If you're using the latest version of SNES9x(1.3.9a) then that version supports gamepads in OS X.  I remember before it was offically added to the emu that there was a way to kinda hack it in as well w/ an app called XGamePadSupport or something like that.  But I haven't found any need for that for my iShock on 1.3.9a.  Get it at www.emulation.net


----------



## cq107 (Jan 18, 2003)

there is a cool app that apple has that re-maps generic keys to your game pad... I have found that there is an impercivable amout of lag on almost all the games... 
http://www.apple.com/downloads/macosx/drivers/gamepadcompanion.html


----------



## g3joel (Jan 19, 2003)

I don't know about Game Sprockets, but I think Input Sprockets was replaced by HID Manager.


----------



## THEMACER (Jan 19, 2003)

Bump Bump me too i havent used my gravis game pad because i cant get it to work. Would be great if i could use it with MOH:AA


----------



## g3joel (Jan 19, 2003)

If your game pad or joystick is USB then why not use USB Overdrive? Or does this not work with gamepads or joysticks... I can't remember. Nevertheless, search for it on Versiontracker and give it a go.


----------



## adambyte (Jan 19, 2003)

Yay! I bought a generic game pad from some company called "Saitek," and at first, it was very flakey with SNES9X's built in HID thingies. Then, I got "GamePad Companion" (mentioned above in a link by cq107), and used that to map things to key normally at the the keyboard (so, for instance, when I press a button, it types "b" in a word processor, but controls SNES when the keyboard is mapped right.)

Anyway, GamePad Companion works fine for me, and I don't find that there's much lag at all.

I tried USB Overdrive, and it didn't work with it.
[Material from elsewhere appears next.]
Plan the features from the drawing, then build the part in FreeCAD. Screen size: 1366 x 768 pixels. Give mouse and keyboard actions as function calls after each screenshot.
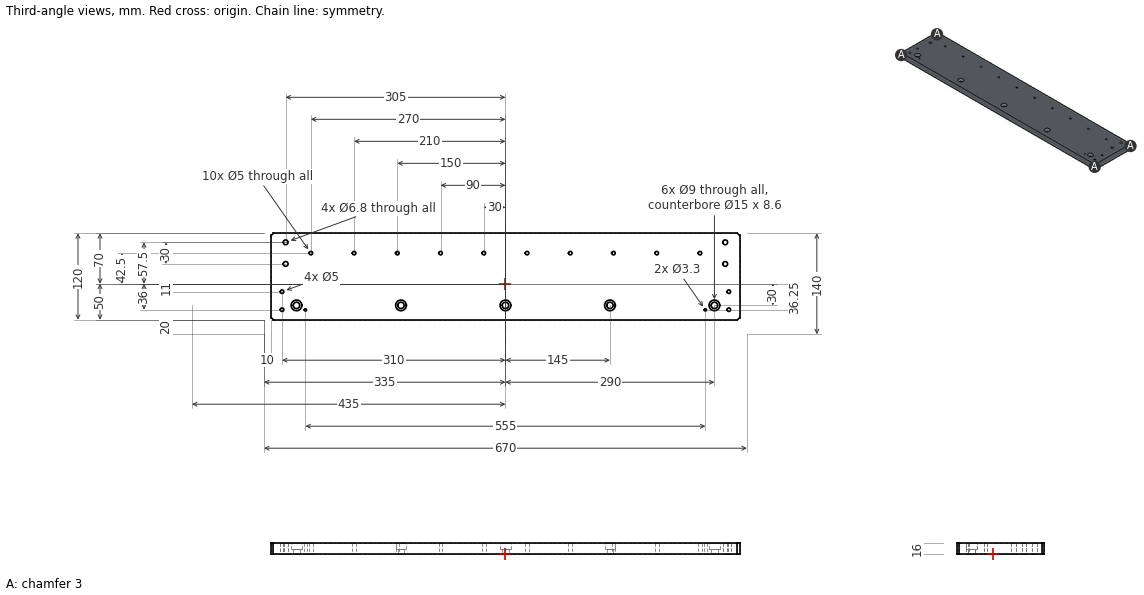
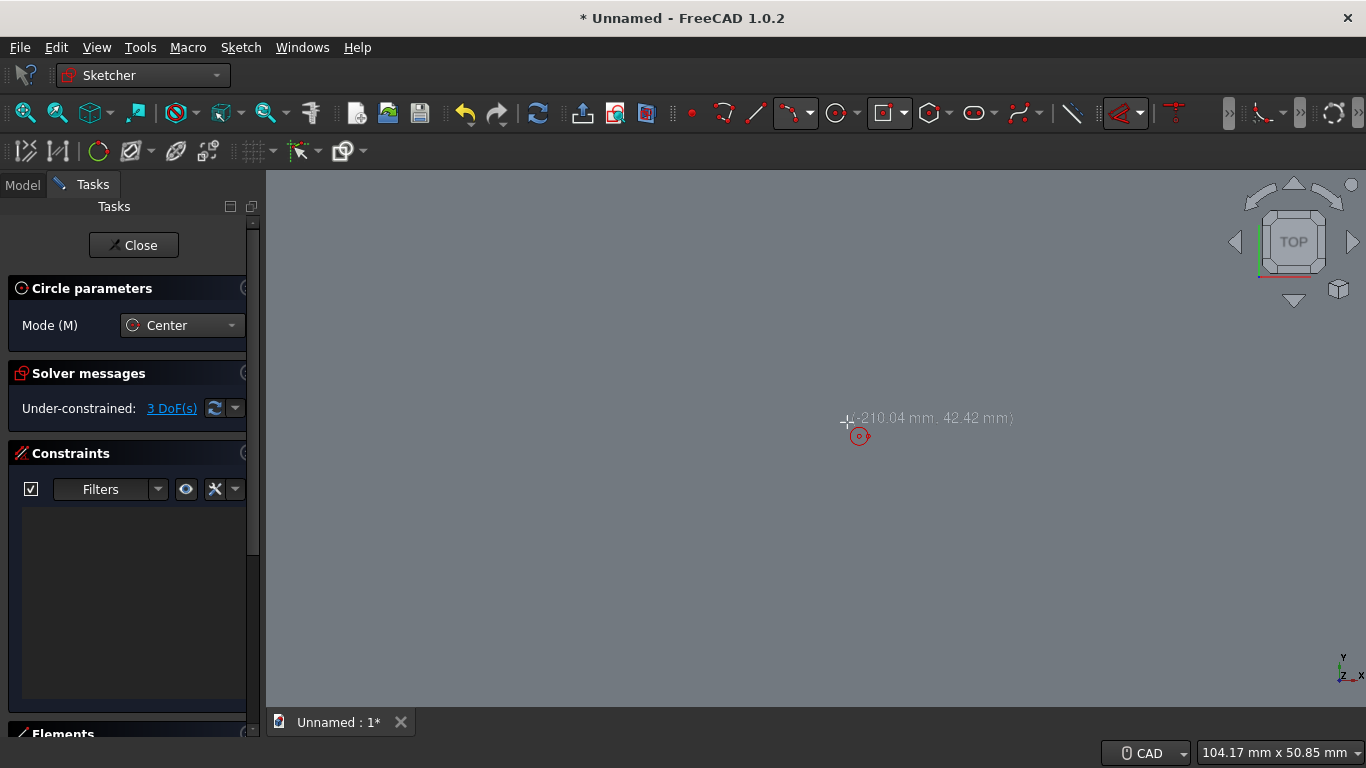
scroll(459, 414, down, 11)
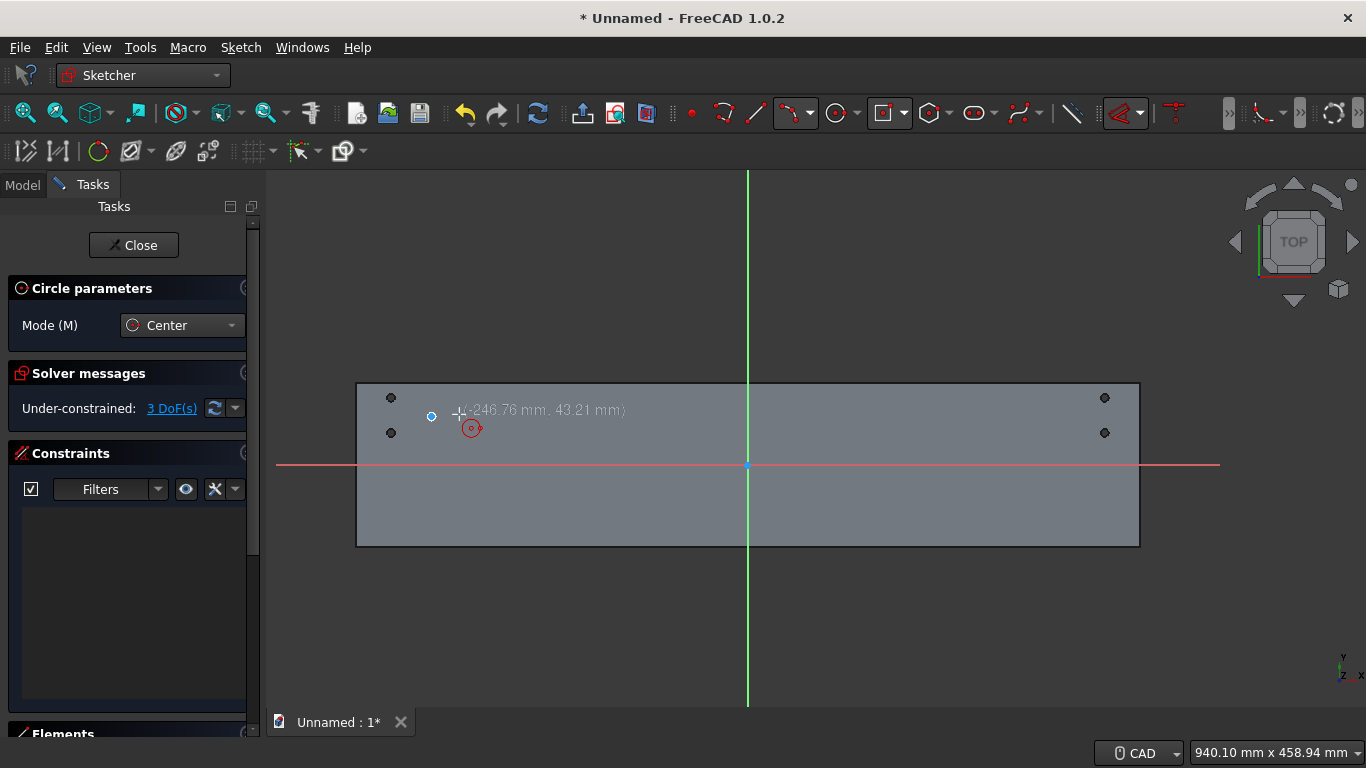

Go fig.


----------



## Decado (Jan 19, 2003)

Hey, i got the Saitek a couple of days ago, for sNES emulation-playing. since its kind of a no-namer it was only about 15 dollars, and it worked perfect for me. Thanks for the gamepad companion-tips, will be kool to check out.


----------



## ex2bot (Jan 19, 2003)

g3Joel is right

The HID (human interface manager) replaces Game Sprockets. It finally supports force feedback, too.


Now is the time on Sprockets when we dance.


----------